Here, “historical materialism” directed its attack especially towards the kind of idealism promoted by Hegel in his lectures on world history, which explained the development and transition of social and political institutions on the basis of spirit (Geist) and its “objective” forms such as art, ethics and religion. While Hegel followed Rousseau in treating the human being as a fundamentally historical idea which allows itself to change according to different stages of development, his sense of idealism could never really acknowledge the actual freedom of historical actors, or the possibility of genuine historical choice. On the contrary, Hegel’s teleological idealism seemed to lead to a rather deterministic view of history, which also attached itself to a particular normative conception of the political domain.

Secondly, political idealism is also often employed in an explicitly normative sense, to describe a conviction according to which political reflection or decision-making ought to begin with the articulation of ideas and ideals, and correspondingly, it should hold their realization as its fundamental goal. In this regard, political idealism denotes the urge to transcend the mere idea of power as the founding principle of the political domain. In modern political philosophy, this stance is often linked to Kant, who argued for the intimate connection between morality and politics by defending idealist goals such as the realization of international law and the world republic as the ultimate telos of human history.Footnote 8 Although it is possible to locate this sense of idealism already in the classical Greek authors, it is perhaps best known from its juxtaposition with the German concept of Realpolitik—a concept that was coined by the anti-revolutionary nationalists of the post-1848 era and that was used to denote the pragmatic or even Machiavellian politics of Otto von Bismarck. Even today, the concept of idealism is often employed in a negative sense to denote an unrealistic approach to political affairs which overlooks the selfish motives of states and state leaders. In international relations theory, for instance, the gap between realists and idealists is still one of the most pervasive divisions in the field.Footnote 9

In regard to the latter distinction, it seems evident that Husserl’s sympathies were on the side of idealism. Especially in his writings from the post-WWI period, Husserl expressed the need to tackle all forms of “weak pessimism and ideal-free realism” for the sake of a truly humane culture living under the guidance of genuine ideals.Footnote 10 Husserl criticized, for instance, Oswald Spengler’s pessimistic account of the decline of the West—what Husserl considered to be the “latest theory of weak-hearted philosophical skepticism”Footnote 11—which denied the active role of humanity in shaping its own destiny. Against this conception, Husserl promoted his own vision of idealism as the inner calling of human reason as fully conscious and reflexive responsibility for its own beliefs, actions and values.

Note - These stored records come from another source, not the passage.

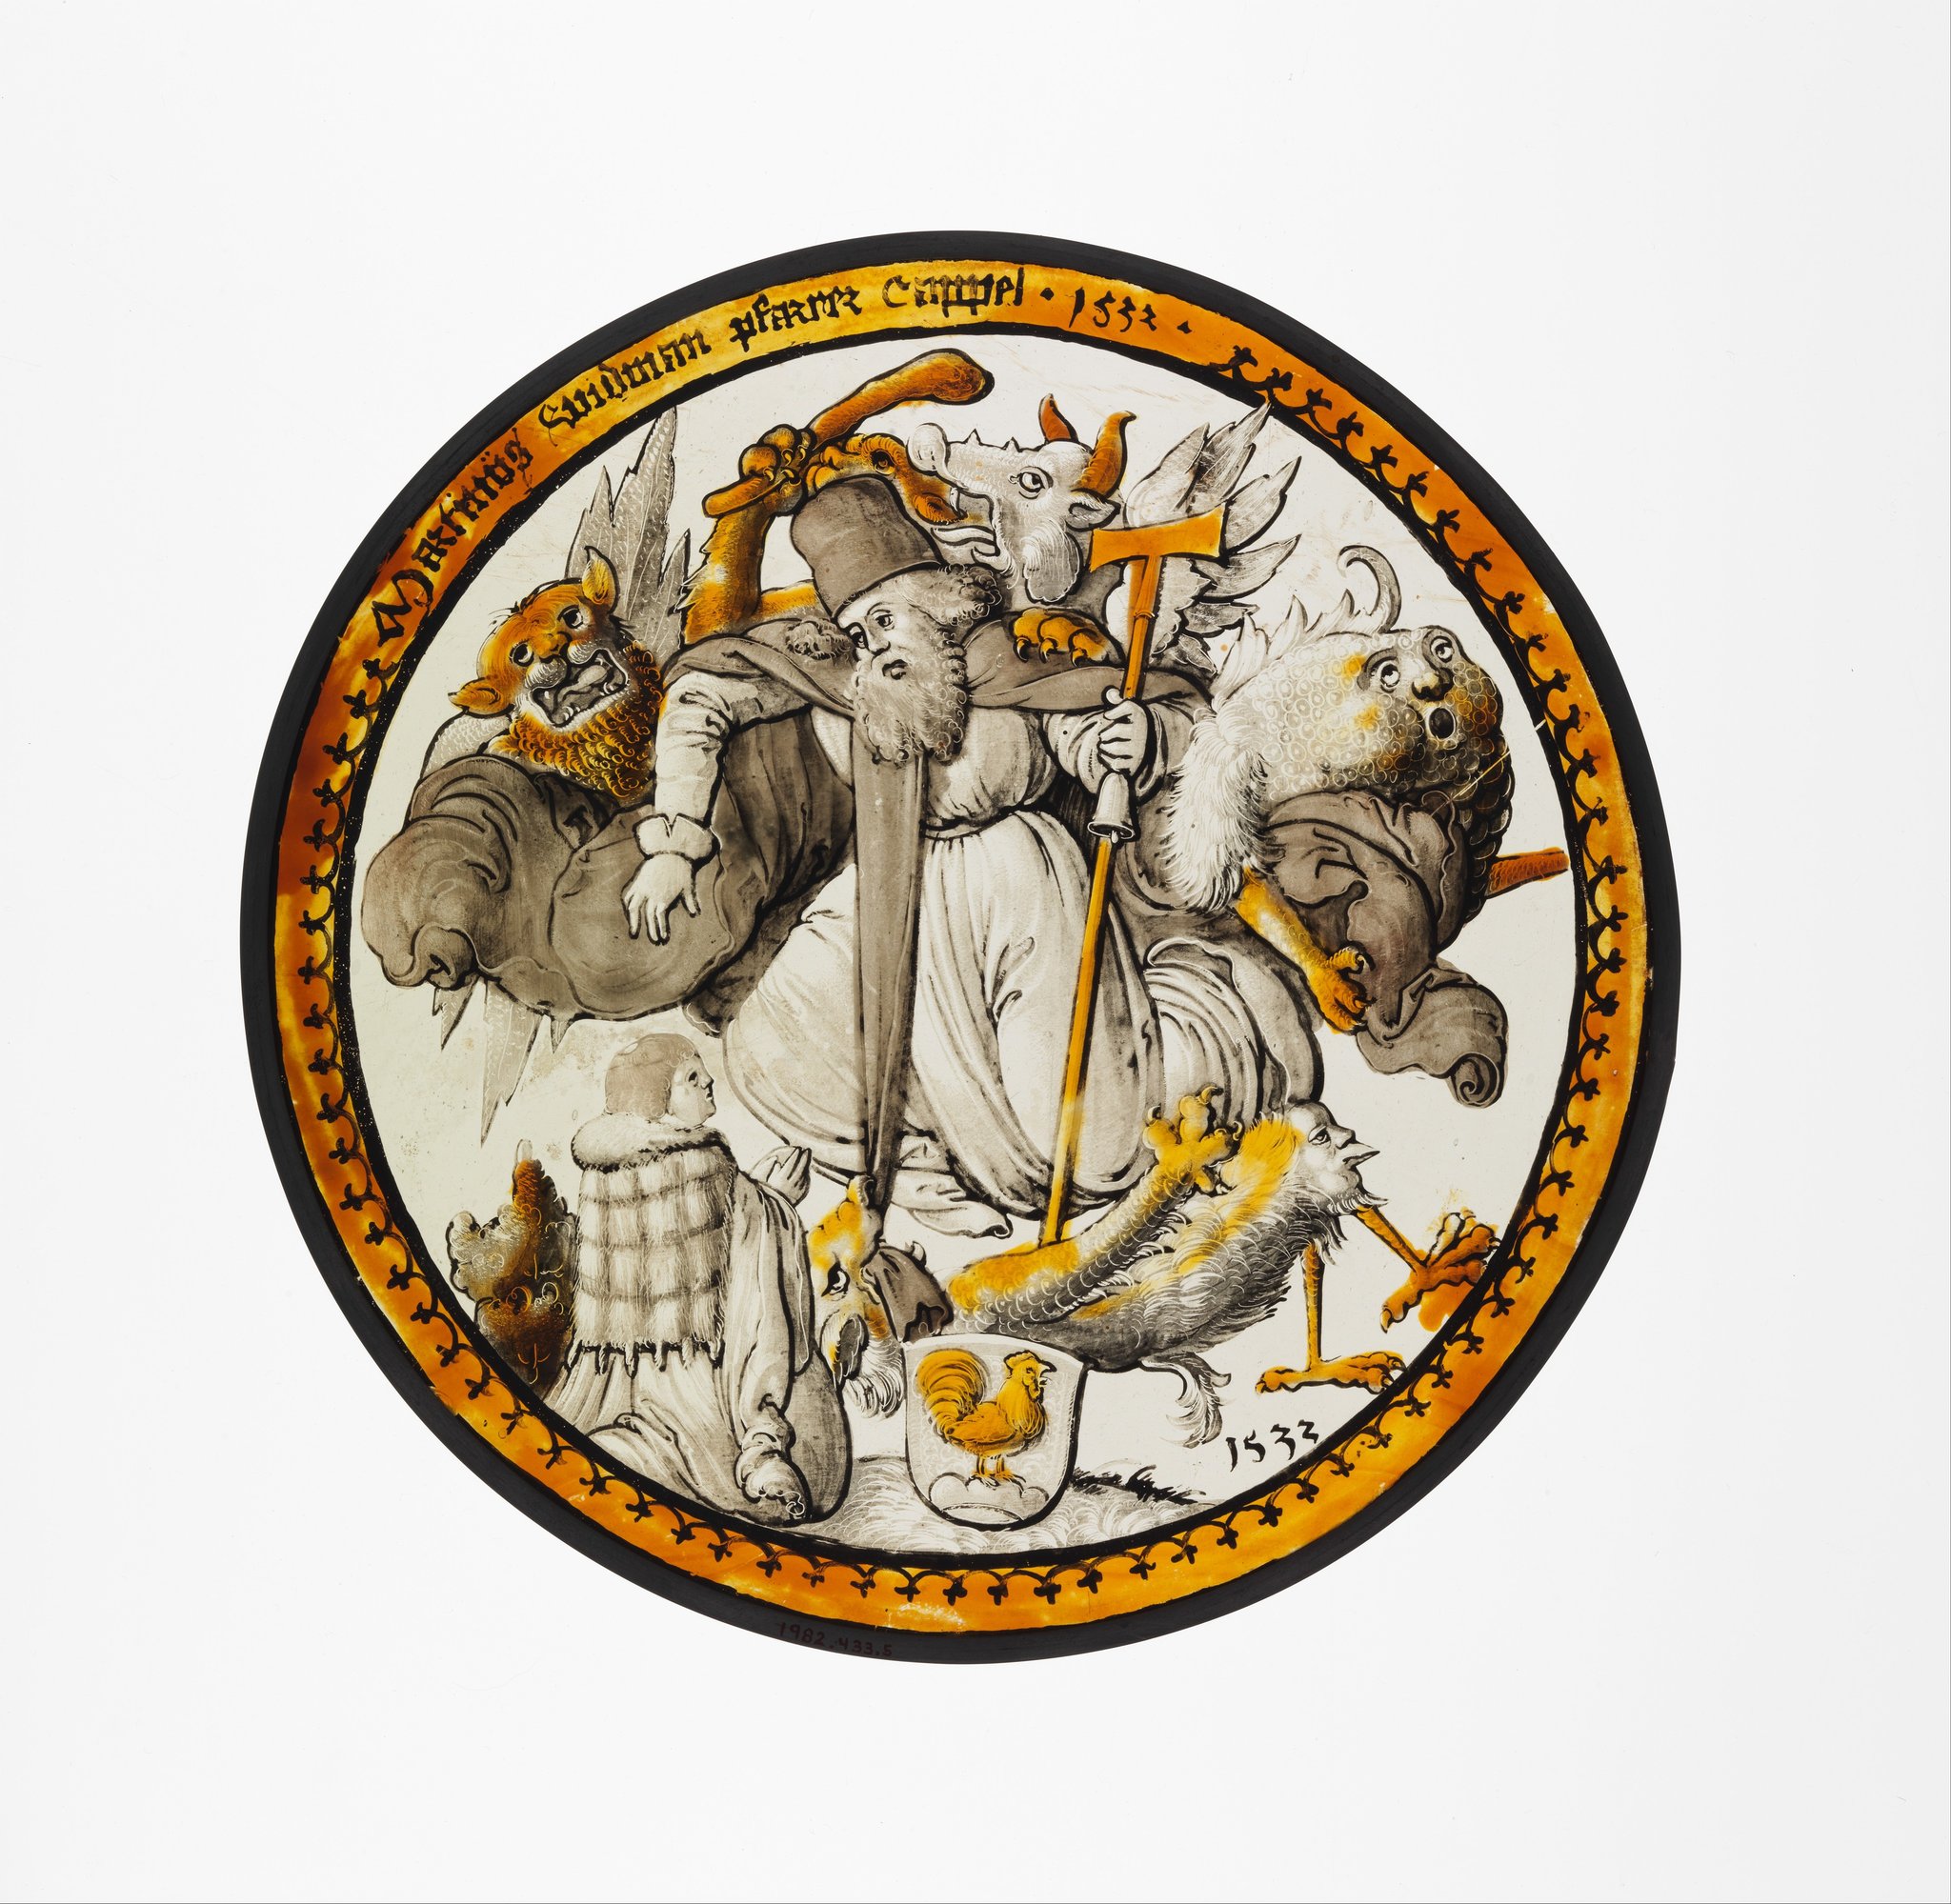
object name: roundel
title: Roundel with the Temptation of Saint Anthony
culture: german
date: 1532
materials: glass, paint, pigment
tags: demons,coat of arms

This pursuit, however, was accompanied by a cautious, yet explicit reservation towards ideals. Husserl was well aware of the symbolic or imaginary dimensions of modern nationalism, which employed such archaic or quasi-religious ideals of sacrifice or comradeship for the sake of national unity and ethnic purity. What the modern nation states inherited from Romanticism was exactly an understanding of the revolutionary power of ideas and ideals, which express themselves in different symbolic forms, in phrases, flags, anthems and so on. What the WWI had revealed for Husserl was just how easily these ideals can become the playground of a shortsighted Realpolitik taking advantage of pre-existing beliefs and prejudices. Accordingly, what Husserl discovered in his students during the post-WWI period was a completely new kind of craving for genuine ideals against the empty rhetoric of war. “In thirty years,” Husserl wrote, “I have never had an audience driven by such a hunger for ideals […] filled with such hatred against all phraseology, against every imaginary being.”Footnote 12 This was, of course, the background of Husserl’s post-war Kaizo essays and their analysis of the “loss of meaning” that characterized the most fundamental practices and institutions of European culture, what Husserl called its “inner untruth” and “meaninglessness.”Footnote 13 Ideals are needed, but they can also lose their meaning and turn into empty shells of disillusionment and propaganda.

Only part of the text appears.